Agricultural policies associated with the Green Revolution have played a dominant role in enhancing the production of chemical fertilizers for meeting the nutrient needs of crops to boost their productivity. Green Revolution era shaped agronomic research, much of which was singularly focused on use of chemical fertilizers to harness the potential of the new improved cultivars. In our zeal to enhance total production, we grossly overlooked the need for balanced use of N:P:K fertilisers and the importance of regulatory functions of soils. Subsidies on chemical fertiliser nutrients promoted not only over-use but also their imbalanced use and discouraged farmers to use bulky organic manures. Farmers have further resorted to crop residues burning to enable easy intensification of the cropping systems. As a management practice, residue burning may hasten decline in quality of soil organic matter (SOM), the major soil ingredient facilitating soil aggregation and structural stability1,2,3. Decline in SOM also reduces the ability of soils to absorb and retain soil moisture4,5 and sustain biotic activity that make soils a life-giving entity. The extensive and elaborate matrix of soil microorganisms and other life forms are known to contribute to soil health. Soil microbes play a key role in bioremediation, contribute to agricultural productivity by modulating disease, increasing plant tolerance to abiotic stress, and nutrient cycling6. Any adverse effect on the regulatory soil functions (e.g. regulation of nutrient and moisture supplies, drainage congestions, soil erosion etc.) also significantly reduces productivity of soils.

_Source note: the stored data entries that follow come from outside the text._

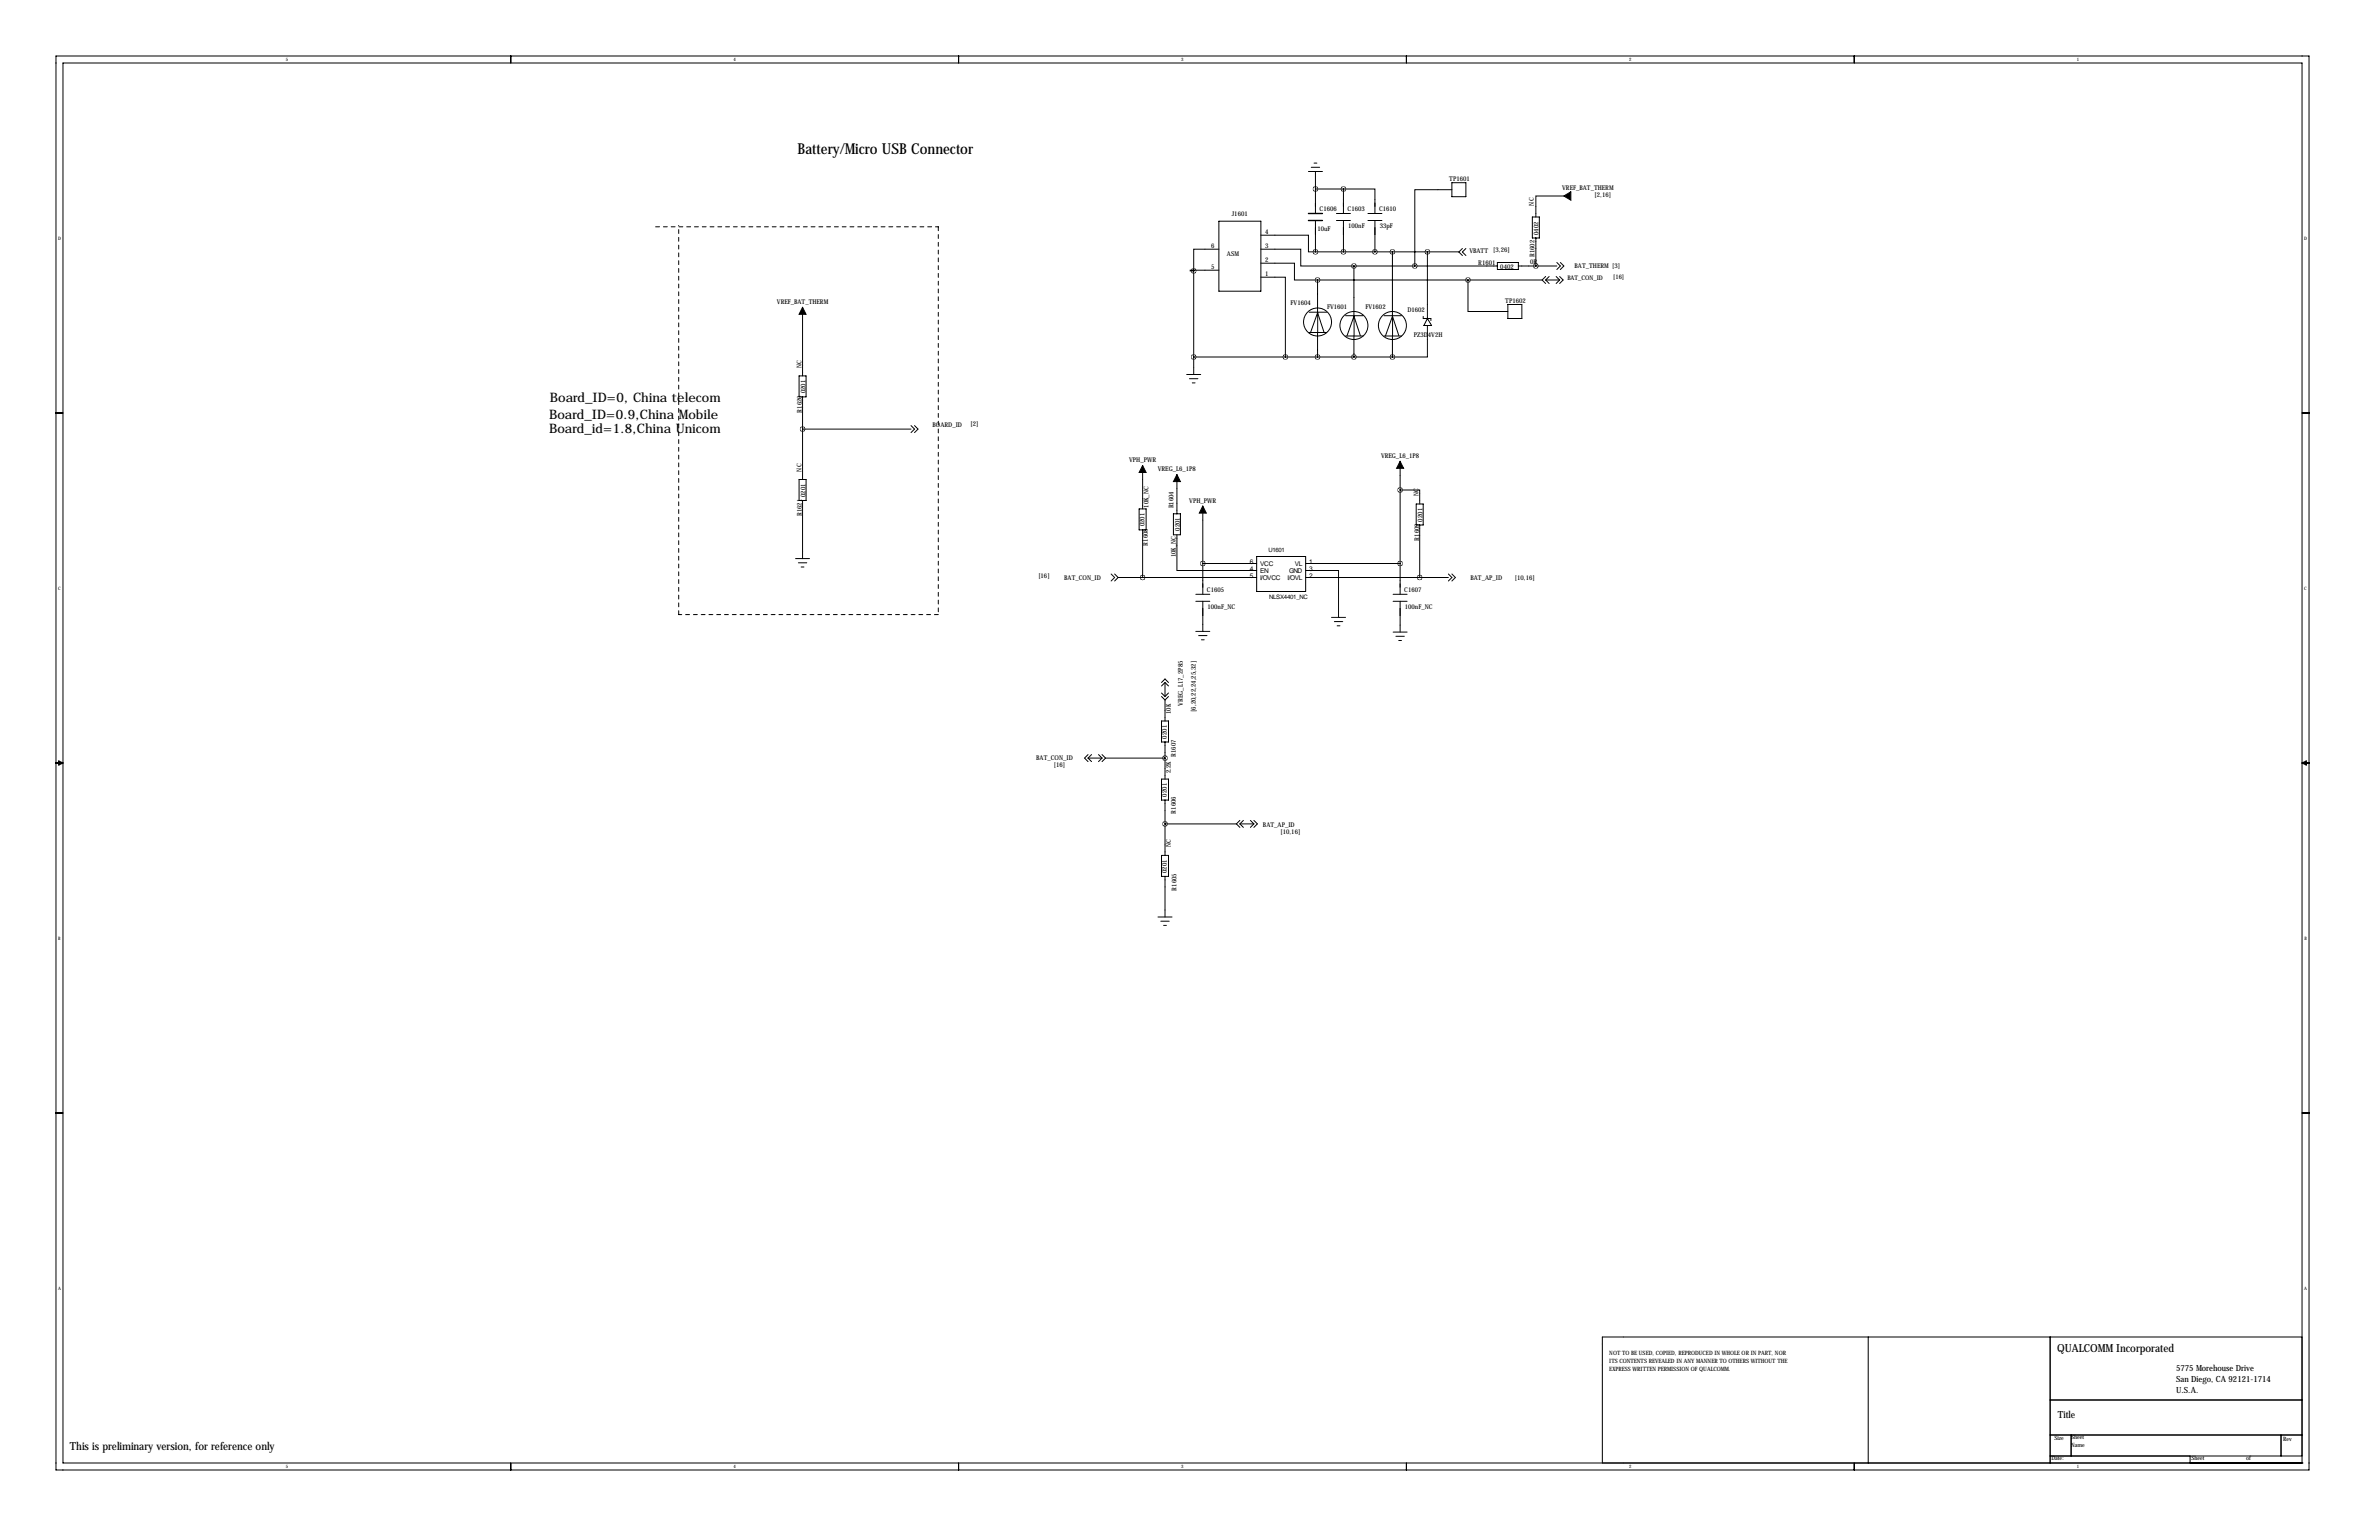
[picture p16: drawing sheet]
<svg xmlns="http://www.w3.org/2000/svg" width="864mm" height="559mm" viewBox="0 0 864 559" stroke-linecap="round" stroke-linejoin="round" font-family="sans-serif">
<defs><g id="words">
<text font-size="5.5" x="289.6" y="55.9">Battery/Micro USB Connector</text>
<g font-size="4.7">
<text x="199.6" y="145.8">Board_ID=0, China telecom</text>
<text x="199.4" y="151.9">Board_ID=0.9,China Mobile</text>
<text x="199.4" y="157.2">Board_id=1.8,China Unicom</text>
</g>
<g font-size="4">
<text x="746.8" y="490.5">QUALCOMM Incorporated</text>
<text x="25.4" y="526.1">This is preliminary version, for reference only</text>
</g>
<text font-size="3.6" x="747" y="514.6">Title</text>
<g font-size="3.1">
<text x="789.9" y="497.5">5775 Morehouse Drive</text>
<text x="789.9" y="501.5">San Diego, CA 92121-1714</text>
<text x="789.9" y="505.6">U.S.A.</text>
</g>
<g font-size="2.4">
<text x="526.1" y="65.8">TP1601</text>
<text x="567.1" y="69.1">VREF_BAT_THERM</text>
<text x="578.9" y="71.6">[2,16]</text>
<text x="479" y="76.7">C1606</text>
<text x="489.2" y="76.7">C1603</text>
<text x="500.6" y="76.7">C1610</text>
<text x="556.8" y="74.6" transform="rotate(-90 556.8 74.6)">NC</text>
<text x="447.1" y="78.5">J1601</text>
<text x="478.2" y="83.8">10uF</text>
<text x="489.4" y="82.7">100nF</text>
<text x="500.8" y="82.7">33pF</text>
<text x="439.7" y="89.9">6</text>
<text x="459.2" y="89.9">3</text>
<text x="459.2" y="84.8">4</text>
<text x="558.5" y="85.3" transform="rotate(-90 558.5 85.3)">0402</text>
<text x="445.4" y="93">ASM</text>
<text x="459.2" y="95">2</text>
<text x="533.4" y="91.9">VBATT</text>
<text x="542.1" y="91.6">[3,26]</text>
<text x="555.5" y="95.8">0R</text>
<text x="557" y="93.3" transform="rotate(-90 557 93.3)">R1602</text>
<text x="439.7" y="97.5">5</text>
<text x="459.2" y="100.1">1</text>
<text x="536.6" y="96">R1601</text>
<text x="544.6" y="97.5">0402</text>
<text x="571.6" y="97.3">BAT_THERM [3]</text>
<text x="282" y="110.2">VREF_BAT_THERM</text>
<text x="468.5" y="110.7">FV1604</text>
<text x="481.7" y="112">FV1601</text>
<text x="495.7" y="112">FV1602</text>
<text x="510.9" y="113">D1602</text>
<text x="546.4" y="110">TP1602</text>
<text x="513.2" y="122.3">PZ3D4V2H</text>
<text x="290.9" y="133.5" transform="rotate(-90 290.9 133.5)">NC</text>
<text x="292.4" y="142.7" transform="rotate(-90 292.4 142.7)">0201</text>
<text x="291.1" y="149.7" transform="rotate(-90 291.1 149.7)">R1620</text>
<text x="338.5" y="154.9">BOARD_ID</text>
<text x="352.3" y="154.4">[2]</text>
<text x="409.9" y="167.6">VPH_PWR</text>
<text x="501.3" y="166.1">VREG_L6_1P8</text>
<text x="290.9" y="171.1" transform="rotate(-90 290.9 171.1)">NC</text>
<text x="420.3" y="170.9">VREG_L6_1P8</text>
<text x="514.9" y="180" transform="rotate(-90 514.9 180)">NC</text>
<text x="292.4" y="180.3" transform="rotate(-90 292.4 180.3)">0201</text>
<text x="416.9" y="184.2" transform="rotate(-90 416.9 184.2)">10K_NC</text>
<text x="426" y="184.5" transform="rotate(-90 426 184.5)">R1604</text>
<text x="431.7" y="182.4">VPH_PWR</text>
<text x="291.1" y="187.3" transform="rotate(-90 291.1 187.3)">R1621</text>
<text x="415.4" y="191" transform="rotate(-90 415.4 191)">0201</text>
<text x="516.4" y="189.2" transform="rotate(-90 516.4 189.2)">0201</text>
<text x="416.7" y="197.9" transform="rotate(-90 416.7 197.9)">R1608</text>
<text x="428.2" y="192.6" transform="rotate(-90 428.2 192.6)">0201</text>
<text x="515.1" y="196.2" transform="rotate(-90 515.1 196.2)">R1609</text>
<text x="426.8" y="202.2" transform="rotate(-90 426.8 202.2)">10K_NC</text>
<text x="376.9" y="209.8">[16]</text>
<text x="453.7" y="204.5">6</text>
<text x="453.7" y="207">4</text>
<text x="453.7" y="209.6">5</text>
<text x="457.5" y="205.3">VCC</text>
<text x="457.5" y="207.8">EN</text>
<text x="467.9" y="207.8">GND</text>
<text x="470" y="205.3">VL</text>
<text x="475.2" y="209.6">2</text>
<text x="475.2" y="207">3</text>
<text x="475.2" y="204.5">1</text>
<text x="386.3" y="210.3">BAT_CON_ID</text>
<text x="438.1" y="214.9">C1605</text>
<text x="457.5" y="210.3">I/OVCC</text>
<text x="467.4" y="210.3">I/OVL</text>
<text x="509.8" y="214.9">C1607</text>
<text x="533.8" y="210.3">BAT_AP_ID</text>
<text x="549.9" y="210.3">[10,16]</text>
<text x="438.4" y="220.9">100nF_NC</text>
<text x="510" y="220.9">100nF_NC</text>
<text x="429.4" y="256" transform="rotate(-90 429.4 256)">VREG_L17_2P85</text>
<text x="425" y="259.1" transform="rotate(-90 425 259.1)">10K</text>
<text x="434.1" y="258.3" transform="rotate(-90 434.1 258.3)">[6,20,22,24,25,32]</text>
<text x="423.6" y="268" transform="rotate(-90 423.6 268)">0201</text>
<text x="376.2" y="275.8">BAT_CON_ID</text>
<text x="426.9" y="274.7" transform="rotate(-90 426.9 274.7)">R1607</text>
<text x="382.5" y="278.1">[16]</text>
<text x="425" y="280.6" transform="rotate(-90 425 280.6)">2.2K</text>
<text x="423.6" y="289.1" transform="rotate(-90 423.6 289.1)">0201</text>
<text x="426.9" y="295.2" transform="rotate(-90 426.9 295.2)">R1606</text>
<text x="458.5" y="300.2">BAT_AP_ID</text>
<text x="464.8" y="302.5">[10,16]</text>
<text x="425" y="307.5" transform="rotate(-90 425 307.5)">NC</text>
<text x="423.6" y="316.7" transform="rotate(-90 423.6 316.7)">0201</text>
<text x="427.1" y="323.2" transform="rotate(-90 427.1 323.2)">R1605</text>
</g>
<g font-size="2.3">
<text x="569" y="101.6">BAT_CON_ID</text>
<text x="585.6" y="101.1">[16]</text>
</g>
<g font-size="2.2">
<text x="460.5" y="200.2">U1601</text>
<text x="460.8" y="217.4">NLSX4401_NC</text>
</g>
<g font-size="2.1">
<text x="584.2" y="491.7">NOT TO BE USED, COPIED, REPRODUCED IN WHOLE OR IN PART, NOR</text>
<text x="584.2" y="497.3">EXPRESS WRITTEN PERMISSION OF QUALCOMM.</text>
<text x="584.2" y="494.5">ITS CONTENTS REVEALED IN ANY MANNER TO OTHERS WITHOUT THE</text>
<text x="745.7" y="522.4">Size</text>
<text x="751.8" y="525">Name</text>
<text x="751.8" y="522.2">Sheet</text>
<text x="828.8" y="522.7">Rev</text>
<text x="744.7" y="529.8">Date:</text>
<text x="795.5" y="529.8">Sheet</text>
<text x="815.3" y="529.8">of</text>
</g>
<g font-size="1.7">
<text x="103.7" y="22.2">5</text>
<text x="266.3" y="22.2">4</text>
<text x="428.8" y="22.2">3</text>
<text x="591.4" y="22.2">2</text>
<text x="754" y="22.2">1</text>
<text x="21.1" y="86.9">D</text>
<text x="836.4" y="86.9">D</text>
<text x="21.1" y="213.9">C</text>
<text x="836.5" y="213.9">C</text>
<text x="21.2" y="340.9">B</text>
<text x="836.5" y="340.9">B</text>
<text x="21.1" y="467.9">A</text>
<text x="836.4" y="467.9">A</text>
<text x="103.7" y="532.7">5</text>
<text x="266.3" y="532.7">4</text>
<text x="428.8" y="532.7">3</text>
<text x="591.4" y="532.7">2</text>
<text x="754" y="532.7">1</text>
</g>
</g></defs>
<g fill="none" stroke="#000" stroke-width=".36">
<path d="M20.3 20.3h817.9v513.1h-817.9zM22.9 22.9h812.8v508h-812.8zM185.4 20.3v2.6M348 20.3v2.6M510.5 20.3v2.6M673.1 20.3v2.6M477 59.2h1M475 62.2h5.1M476 60.7h3M477.5 62.2v15.3M477.5 68.6h10.2M485.1 77.5h5.1"/>
<path d="M487.7 68.6h11.4v8.9M487.7 68.6v8.9M496.6 77.5h5M527 68.8h-13.4v27.7M527 66.3h5.1v5.1h-5.1zM556.3 78.7h2.5v7.7h-2.5zM567.7 71.1h-10.2v7.6M433.3 98.3v37.6M442.5 80.3h15.2v25.4h-15.2zM442.5 98h-10.4v.3h1.2M442.5 90.4h-9.2v7.9M457.7 85.3h17.3v6.1h2.5"/>
<path d="M457.7 90.4h14.5v6.1h19.3M457.7 95.5h12.2v6.1h8.4M477.5 80v11.4M477.5 91.4h40.7M485.1 80h5.1M487.7 80v11.4M491.5 96.5v18.1M496.6 80h5M499.1 80v11.4M505.5 91.4v23.2M518.2 91.4h11.4M518.2 91.4v24.2"/>
<path d="M529.6 91.4l1.3 1.3M530.9 90.2l-1.3 1.2M532.1 90.2l-1.2 1.2 1.2 1.3M543.6 96.5h-52.1M543.6 95.2h7.6v2.6h-7.6zM551.2 96.5h13.9M557.5 86.4v10.1M565.1 95.2l1.3 1.3-1.3 1.3M566.4 95.2l1.3 1.3-1.3 1.3M291.3 111.5v24.9M457.7 100.6h8.9v28.9M475.2 113.3h6.4"/>
<path d="M478.3 101.6v11.7l2.3 7.2M478.3 101.6h81.5M488.4 114.6h6.4M491.4 114.6l2.4 7.2M502.4 114.6h6.4M505.4 114.6l2.4 7.2M516.6 114.8v.8h2.8v.7M518.2 118.1v11.4h-12.7M518.2 115.6l1.5 2.5h-2.8zM532.9 101.6v11.4h14.5M547.4 110.5h5v5.1h-5zM559.8 101.6l1.3 1.3"/>
<path d="M561.1 101.6l1.3 1.3M561.1 100.3l-1.3 1.3M561.1 101.6h5.1M562.4 100.3l-1.3 1.3M564.9 100.3l1.3 1.3M566.2 100.3l1.2 1.3-1.2 1.3M566.2 101.6l-1.3 1.3M290.1 136.4h2.5v7.6h-2.5zM430.8 135.9h5.1M431.8 137.4h3M432.8 138.9h1M433.3 129.5h72.2"/>
<path d="M475.2 120.6h6.4M475.7 120.6l2.6-7.2v7.2M478.3 120.6v8.9M488.4 121.9h6.4M488.9 121.9l2.6-7.2v14.8M502.4 121.9h6.4M502.9 121.9l2.6-7.2v14.8M20.3 149.9h2.6M291.3 155.7h39.4M291.3 144v30M330.7 154.4l1.3 1.3-1.3 1.3M332 154.4l1.2 1.3-1.2 1.3"/>
<path d="M835.7 149.9h2.5M290.1 174h2.5v7.6h-2.5zM414.8 168.9v15.8M427.2 172.2v14.2M508.3 167.4v48.2M508.3 177.8h7.1v5.1M291.3 181.6v21.1M413.5 184.7h2.6v7.6h-2.6zM414.8 192.3v17.3M426 186.4h2.5v7.7h-2.5zM427.2 194.1v12.9h29M436.6 183.6v32"/>
<path d="M514.1 182.9h2.5v7.6h-2.5zM515.4 190.5v19.1M288.8 202.7h5.1M289.8 204.2h3.1M290.8 205.7h1M403.4 208.3l1.2 1.3-1.2 1.2M404.6 208.3l1.3 1.3M405.9 209.6l-1.3 1.2M434.1 215.6h5.1M434.1 218.2h5.1M436.6 218.2v10.9M456.2 201.9h17.8v12.7h-17.8z"/>
<path d="M456.2 204.5h-19.6M456.2 209.6h-50.3M474 207h11.9v17M474 204.5h34.3M474 209.6h51.8M505.7 215.6h5.1M505.7 218.2h5.1M508.3 218.2v11.2M525.8 208.3l1.2 1.3-1.2 1.2M527 208.3l1.3 1.3-1.3 1.2M434.1 229.1h5.1M435.1 230.6h3"/>
<path d="M436.1 232.2h1M483.4 224h5M484.4 225.6h3M485.4 227.1h1M505.7 229.4h5.1M506.7 230.9h3.1M507.7 232.4h1.1M421.6 247.7l1.3-1.3 1.3 1.3M421.6 251.5l1.3 1.2M421.6 252.7l1.3 1.3M422.9 254v7.6M422.9 247.6v5.1"/>
<path d="M422.9 247.6l-1.3 1.3M422.9 247.6l1.3 1.3M424.2 252.7l-1.3 1.3M424.2 251.5l-1.3 1.2M20.3 276.9h2.6M21.3 276.1l1.6 .8-1.6 .7zM395 275.1l1.2 1.3M395 275.1h5M395 273.8l-1.3 1.3 1.3 1.3M396.2 273.8l-1.2 1.3M398.8 273.8l1.2 1.3M400 273.8l1.3 1.3"/>
<path d="M400 275.1l-1.2 1.3M401.3 275.1l-1.3 1.3M401.3 275.1h21.6M421.6 261.6h2.6v7.6h-2.6zM422.9 269.2v13.5M835.7 276.9h2.5M835.7 276.9l1.5-.8v1.5zM421.6 282.7h2.6v7.6h-2.6zM422.9 299h25.9M422.9 290.3v20.1M448.8 299l1.3 1.2M450.1 299l1.3 1.2"/>
<path d="M450.1 297.7l-1.3 1.3M450.1 299h5.1M451.4 297.7l-1.3 1.3M453.9 297.7l1.3 1.3M455.2 297.7l1.2 1.3-1.2 1.2M455.2 299l-1.3 1.2M421.6 310.4h2.6v7.6h-2.6zM422.9 318v14.7M420.4 332.7h5M421.4 334.3h3M422.4 335.8h1M20.3 403.9h2.6"/>
<path d="M835.7 403.9h2.5M678.2 485.1v45.8M744.2 485.1v45.8M835.7 485.1h-254v45.8M744.2 508h91.5M185.4 530.9v2.5M348 530.9v2.5M510.5 530.9v2.5M673.1 530.9v2.5M744.2 520.7h91.5M744.2 528.3h91.5M751.8 520.7v7.6"/>
<path d="M795 530.9h.1M795 528.3v2.6M828 520.7v7.6M835.7 530.9h.1"/>
<circle cx="478.3" cy="116.8" r="5.1"/>
<circle cx="491.5" cy="118.1" r="5.1"/>
<circle cx="505.5" cy="118.1" r="5.1"/>
</g>
<path d="M238 82.3h102.6M340.6 82.3v140.7M246.4 223v-141.2M340.6 223h-94.2" fill="none" stroke="#000" stroke-width=".36" stroke-dasharray="1.4 1.4"/>
<path d="M475 77.5h5.1M475 80h5.1" fill="none" stroke="#000" stroke-width=".51"/>
<path d="M567.7 71.1l2.5-1.5v3zM291.3 111.5l1.3 2.5h-2.5zM414.8 168.9l1.3 2.6h-2.6zM427.2 172.2l1.3 2.6h-2.5zM508.3 167.4l1.2 2.5h-2.5zM436.6 183.6l1.3 2.6h-2.5z" fill="#000" stroke="#000" stroke-width=".36"/>
<path d="M433.3 98.3a.06 .06 0 0 0 .1 0 .06 .06 0 0 0-.1 0zM433.3 129.5a.06 .06 0 0 0 .1 0 .06 .06 0 0 0-.1 0zM557.5 96.5a.06 .06 0 0 0 .1 0 .06 .06 0 0 0-.1 0zM491.4 96.5a.1 .1 0 0 0 .2 0 .1 .1 0 0 0-.2 0zM477.5 91.4a.06 .06 0 0 0 .1 0 .06 .06 0 0 0-.1 0zM487.6 91.4a.06 .06 0 0 0 .1 0 .06 .06 0 0 0-.1 0zM499 91.4a.1 .1 0 0 0 .2 0 .1 .1 0 0 0-.2 0zM477.5 68.6a.06 .06 0 0 0 .1 0 .06 .06 0 0 0-.1 0zM487.6 68.6a.06 .06 0 0 0 .1 0 .06 .06 0 0 0-.1 0zM505.4 91.4a.06 .06 0 0 0 .1 0 .06 .06 0 0 0-.1 0zM491.4 129.5a.1 .1 0 0 0 .2 0 .1 .1 0 0 0-.2 0zM518.1 91.4a.06 .06 0 0 0 .1 0 .06 .06 0 0 0-.1 0zM505.4 129.5a.06 .06 0 0 0 .1 0 .06 .06 0 0 0-.1 0zM466.5 129.5a.1 .1 0 0 0 .2 0 .1 .1 0 0 0-.2 0zM478.2 101.6a.06 .06 0 0 0 .1 0 .06 .06 0 0 0-.1 0zM478.2 129.5a.06 .06 0 0 0 .1 0 .06 .06 0 0 0-.1 0zM436.6 204.5a.06 .06 0 0 0 .1 0 .06 .06 0 0 0-.1 0zM508.2 204.5a.06 .06 0 0 0 .1 0 .06 .06 0 0 0-.1 0zM515.3 209.6a.06 .06 0 0 0 .1 0 .06 .06 0 0 0-.1 0zM508.2 177.8a.06 .06 0 0 0 .1 0 .06 .06 0 0 0-.1 0zM513.5 96.5a.1 .1 0 0 0 .2 0 .1 .1 0 0 0-.2 0zM532.8 101.6a.1 .1 0 0 0 .2 0 .1 .1 0 0 0-.2 0zM291.3 155.7a.06 .06 0 0 0 .1 0 .06 .06 0 0 0-.1 0zM414.7 209.6a.06 .06 0 0 0 .1 0 .06 .06 0 0 0-.1 0zM422.8 275.1a.1 .1 0 0 0 .2 0 .1 .1 0 0 0-.2 0zM422.8 299a.1 .1 0 0 0 .2 0 .1 .1 0 0 0-.2 0z" fill="#000" stroke="#000" stroke-width="1.8"/>
<use href="#words"/>
</svg>

Soil testing should lead to a better prognosis of the constraints beyond nutrients, help target management practices to alleviate constraints (chemical, physical & biological) and indicate how the soils will respond to specific management practices. The usual chemical tests of soils currently in vogue, apparently do not take us beyond fertiliser use and indicate very little about the physical and biological constraints/ properties of the soils. Also, significant differences amongst climate, soil and management, make it impossible to extrapolate the results of fertilizer recommendation from one site to others. Integrated analysis of the long-term rice-wheat yield trials conducted at 23 locations across the Indo-Gangetic plains indicated that wheat yields had not improved even after 7-23 years, while surprisingly rice yields had declined during the same periods7. Yield gap analysis in cereal crops, which provides a measure of untapped production capacity, have been observed to be large and highlighted by others as well 8, 9, 10, 11. Low productivity was linked to several lows in rainfall, fertilizer use and irrigated area12. However, low agricultural productivity and poverty in the eastern districts located between 78.83o and 86.13o East longitude, were observed to be in parallel with high rainfall13due to difficulties in managing the soil physical environment and poor resource endowments of the farmers. Several workers have pointed out that it is possible to bridge the management yield gaps through adoption of better bet practices11,14. Low farm productivity generally implies that the lots of the farmers can only be improved through (i) a higher support price policy (ii) a reduction in production costs, and (iii) enhanced productivity of the resources.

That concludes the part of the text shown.